Holy shit, you are a typical, stupid 19-year-old boy. “Well, dear, you need to figure yourself out first. The Greeks carved Know thyself on the temple of Apollo for a reason. Shakespeare wrote: To thine own self be true. If you can figure yourself out, then you won’t be false to any man. Or woman,” I added.

“But how do you find the one?”

“Who says there’s just one?”

“You know what I mean,” he said, dejectedly. “You and dad. You seem to have it all figured out.” Oh, my beautiful boy. You don’t even know what you are saying.

“Yep, we do.” Exhausted, I decided to offer him platitudes instead of painful truths. He could learn those later. “Everyone you meet has relationship advice to offer. You’ll have to gather it, think about it, and figure out what works best for you.”

Ponder Accept Believe?” he replied, ironically. I punched him in the shoulder.

“This is all I can tell you that I know for sure,” I paused. “If you want passion, date yourself. Find a girl who thinks and acts just like you.”

“Okay,” he said, putting his iPhone down. “That makes sense.”

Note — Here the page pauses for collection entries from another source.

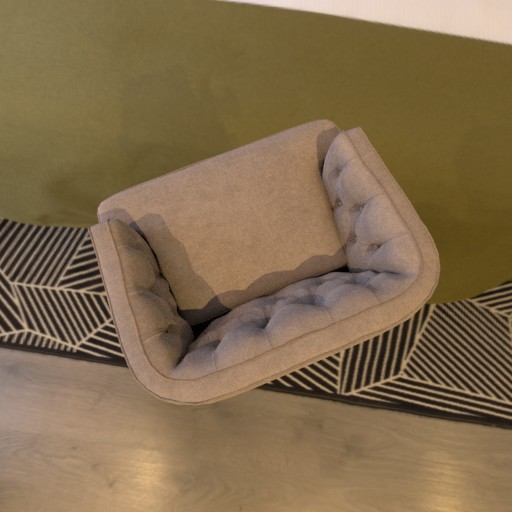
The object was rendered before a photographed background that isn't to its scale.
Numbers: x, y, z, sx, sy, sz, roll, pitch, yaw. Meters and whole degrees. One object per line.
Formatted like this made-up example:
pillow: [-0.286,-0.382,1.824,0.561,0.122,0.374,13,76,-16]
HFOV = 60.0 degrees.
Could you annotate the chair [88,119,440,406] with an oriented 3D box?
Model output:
chair: [0.000,0.000,1.815,1.104,0.852,0.941,-22,76,-6]
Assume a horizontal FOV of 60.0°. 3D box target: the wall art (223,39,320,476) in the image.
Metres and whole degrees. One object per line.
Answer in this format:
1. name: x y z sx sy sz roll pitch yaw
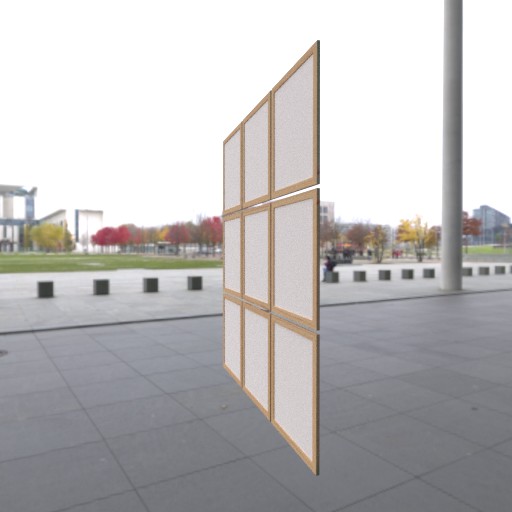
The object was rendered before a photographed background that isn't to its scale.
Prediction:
1. wall art: 0.000 0.000 2.275 0.013 1.523 1.517 0 1 -17
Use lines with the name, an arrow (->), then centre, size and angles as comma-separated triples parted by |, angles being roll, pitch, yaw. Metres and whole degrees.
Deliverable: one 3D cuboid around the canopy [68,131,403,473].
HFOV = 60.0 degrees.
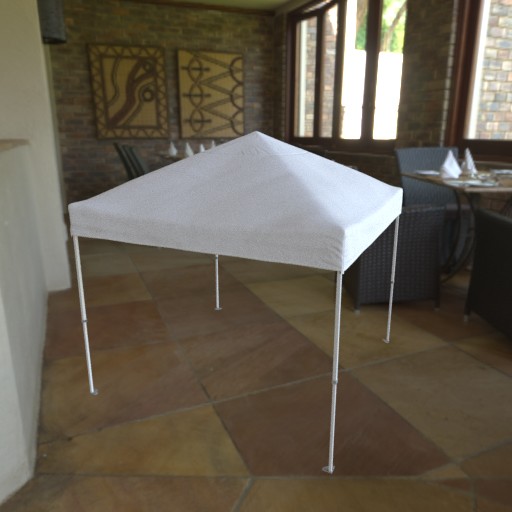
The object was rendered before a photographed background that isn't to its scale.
canopy -> 0.000, 0.000, 5.526 | 2.996, 2.997, 2.998 | 7, 17, 25
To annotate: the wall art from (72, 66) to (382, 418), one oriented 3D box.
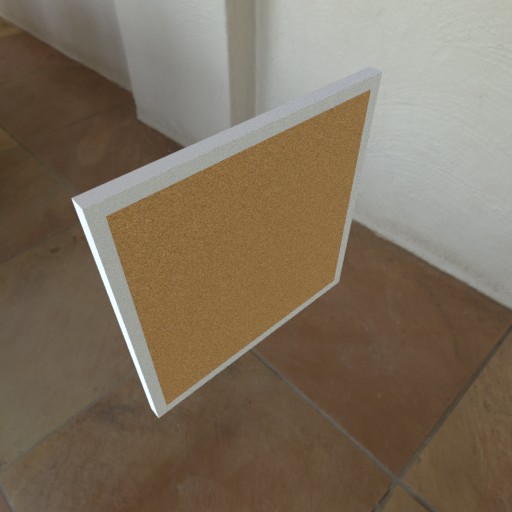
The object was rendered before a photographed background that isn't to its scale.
[{"bbox_3d":[0.000,0.000,1.156,0.762,0.762,0.038,-32,54,-27],"label":"wall art"}]
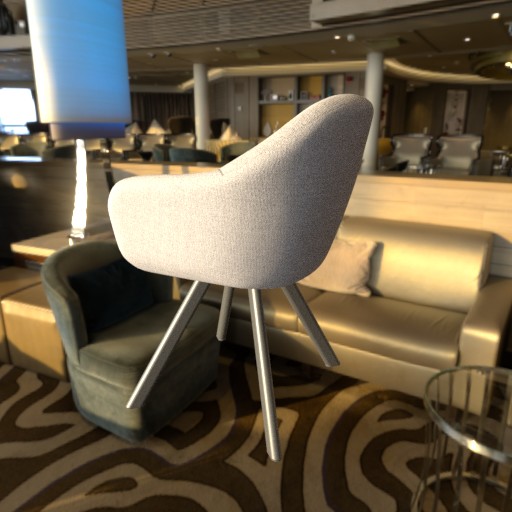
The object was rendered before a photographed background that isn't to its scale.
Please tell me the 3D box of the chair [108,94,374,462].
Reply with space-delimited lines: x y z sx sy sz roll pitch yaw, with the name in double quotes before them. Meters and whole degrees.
"chair" 0.000 0.000 1.177 0.550 0.795 0.590 8 18 26
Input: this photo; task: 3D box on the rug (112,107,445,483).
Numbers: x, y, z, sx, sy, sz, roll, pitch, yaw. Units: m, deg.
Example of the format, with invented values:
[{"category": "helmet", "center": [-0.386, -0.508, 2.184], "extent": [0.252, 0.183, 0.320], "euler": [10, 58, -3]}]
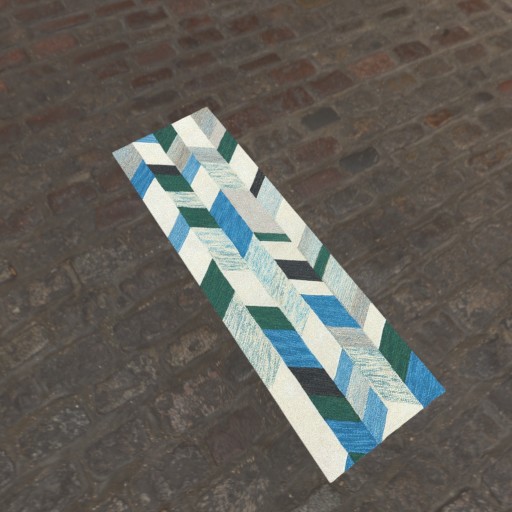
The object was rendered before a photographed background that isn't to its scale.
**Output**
[{"category": "rug", "center": [0.000, 0.000, 2.687], "extent": [0.774, 0.008, 2.437], "euler": [-31, 67, -15]}]
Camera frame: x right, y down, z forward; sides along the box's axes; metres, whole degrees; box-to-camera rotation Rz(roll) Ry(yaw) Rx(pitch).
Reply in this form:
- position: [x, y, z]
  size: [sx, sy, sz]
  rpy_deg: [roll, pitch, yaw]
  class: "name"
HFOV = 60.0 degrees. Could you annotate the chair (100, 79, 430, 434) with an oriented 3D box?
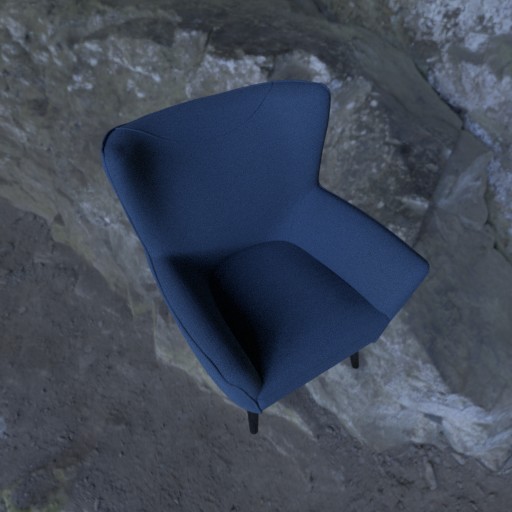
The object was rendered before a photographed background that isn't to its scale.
- position: [0.000, 0.000, 1.578]
  size: [0.781, 0.933, 0.888]
  rpy_deg: [-25, 51, -22]
  class: "chair"
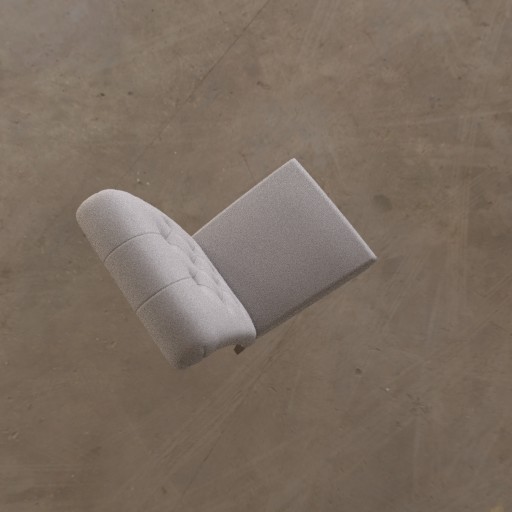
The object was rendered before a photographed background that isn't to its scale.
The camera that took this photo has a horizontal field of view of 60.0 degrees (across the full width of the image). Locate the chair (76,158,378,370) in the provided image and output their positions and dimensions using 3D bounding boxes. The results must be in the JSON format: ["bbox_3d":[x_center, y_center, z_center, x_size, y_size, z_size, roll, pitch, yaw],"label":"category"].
[{"bbox_3d":[0.000,0.000,1.383,0.671,1.006,0.456,-35,77,-9],"label":"chair"}]
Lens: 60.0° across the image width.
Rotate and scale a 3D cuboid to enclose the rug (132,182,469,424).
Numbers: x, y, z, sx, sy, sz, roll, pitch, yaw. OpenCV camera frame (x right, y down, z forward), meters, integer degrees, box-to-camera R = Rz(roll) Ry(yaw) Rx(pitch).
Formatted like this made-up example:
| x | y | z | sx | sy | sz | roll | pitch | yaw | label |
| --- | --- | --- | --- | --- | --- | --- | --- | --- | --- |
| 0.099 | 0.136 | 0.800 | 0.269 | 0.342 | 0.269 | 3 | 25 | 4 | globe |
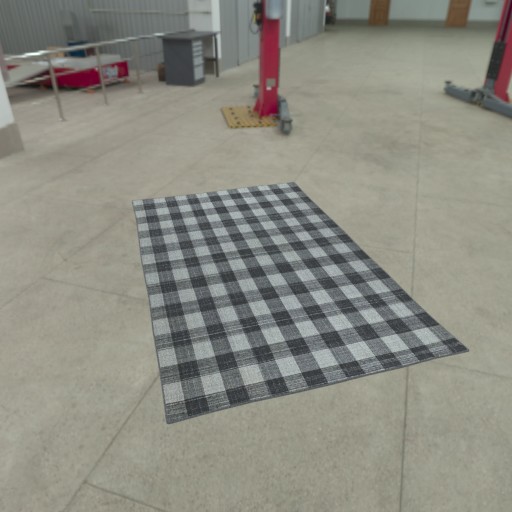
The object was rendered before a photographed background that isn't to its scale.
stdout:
| x | y | z | sx | sy | sz | roll | pitch | yaw | label |
| --- | --- | --- | --- | --- | --- | --- | --- | --- | --- |
| 0.000 | 0.000 | 3.104 | 1.554 | 0.011 | 2.476 | -9 | 32 | -15 | rug |
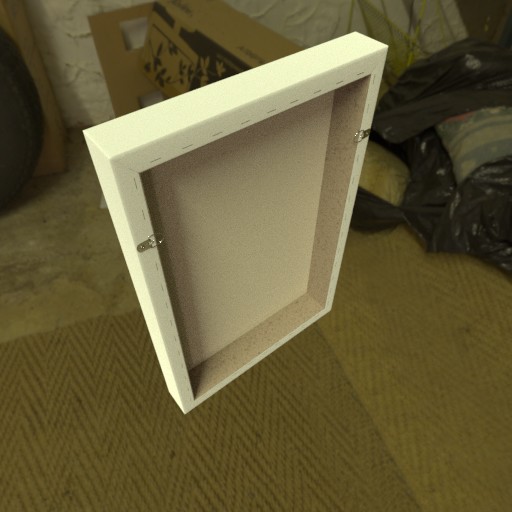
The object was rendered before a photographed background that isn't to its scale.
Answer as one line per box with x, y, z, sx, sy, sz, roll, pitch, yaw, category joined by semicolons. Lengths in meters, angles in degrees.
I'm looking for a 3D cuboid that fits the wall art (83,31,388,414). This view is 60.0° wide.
0.000;0.000;0.468;0.252;0.381;0.039;-30;55;-24;wall art
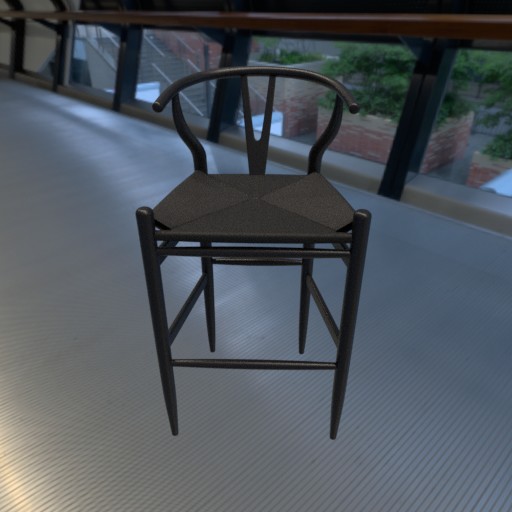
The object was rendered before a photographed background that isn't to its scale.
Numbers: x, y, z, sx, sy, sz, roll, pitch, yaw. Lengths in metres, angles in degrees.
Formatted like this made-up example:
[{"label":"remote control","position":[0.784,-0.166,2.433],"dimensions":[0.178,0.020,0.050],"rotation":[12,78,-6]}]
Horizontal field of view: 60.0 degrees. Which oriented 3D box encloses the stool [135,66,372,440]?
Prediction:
[{"label":"stool","position":[0.000,0.000,1.438],"dimensions":[0.569,1.072,0.579],"rotation":[1,30,1]}]
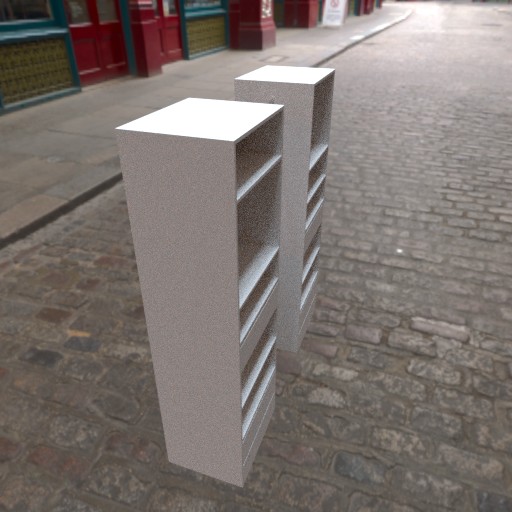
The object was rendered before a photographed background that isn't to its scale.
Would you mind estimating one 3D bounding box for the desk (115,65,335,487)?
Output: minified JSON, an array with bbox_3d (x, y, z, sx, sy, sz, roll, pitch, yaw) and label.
[{"bbox_3d":[0.000,0.000,2.812,0.480,2.000,1.770,10,32,17],"label":"desk"}]
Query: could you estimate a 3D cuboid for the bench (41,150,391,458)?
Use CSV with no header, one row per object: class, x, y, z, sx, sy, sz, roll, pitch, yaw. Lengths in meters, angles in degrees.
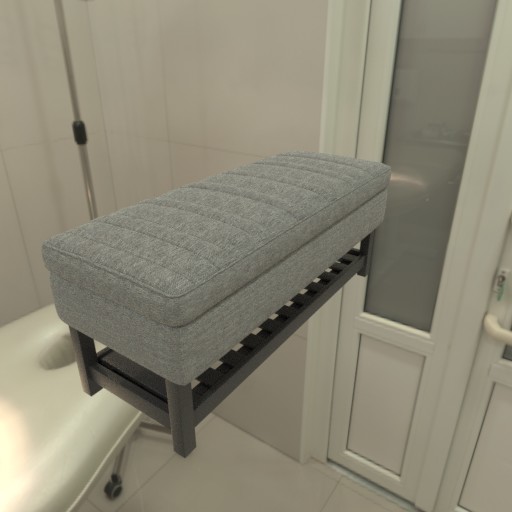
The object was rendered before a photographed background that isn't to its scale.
bench,0.000,0.000,1.340,0.429,0.470,1.100,17,31,31
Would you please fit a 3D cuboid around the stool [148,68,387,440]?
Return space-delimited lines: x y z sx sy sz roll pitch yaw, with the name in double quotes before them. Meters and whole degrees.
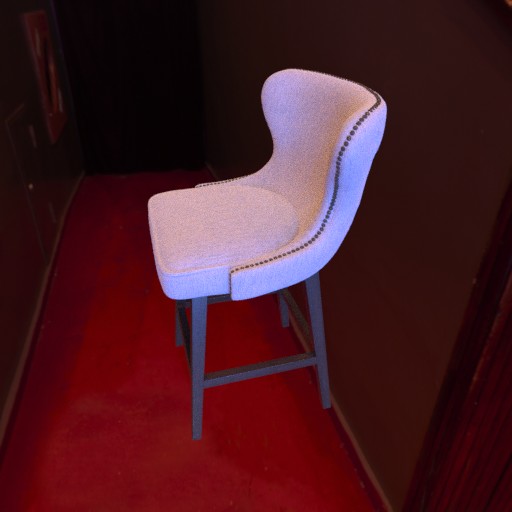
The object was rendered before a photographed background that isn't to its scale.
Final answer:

“But know that passion burns very hot and doesn’t last very long. If you want a long term relationship, you’d better find someone who complements your personality, the yin to your yang.

“Dualism,” he said.

“Right,” I whispered. It’ll strip the problematic passion right out of your relationship, leaving it nice and bland.

“So you are saying since I’m bad with money that I should find a wife to pay the bills.”

“Oh, absolutely,” I wryly retorted. “And she’ll probably be an introvert, so you can drag her along to parties where she’ll feel completely uncomfortable, but at least you’ll be together.” Then I grinned at him, ignoring the tinge of bitterness.

“Makes sense,” he said again, more to finish the conversation than in agreement. He put his car seat back, turned towards the passenger window, and fell asleep in minutes.

The final hour I drove home in dusk, comforted by the faint snoring of a much-beloved son, glutted with the richness of youth and beauty.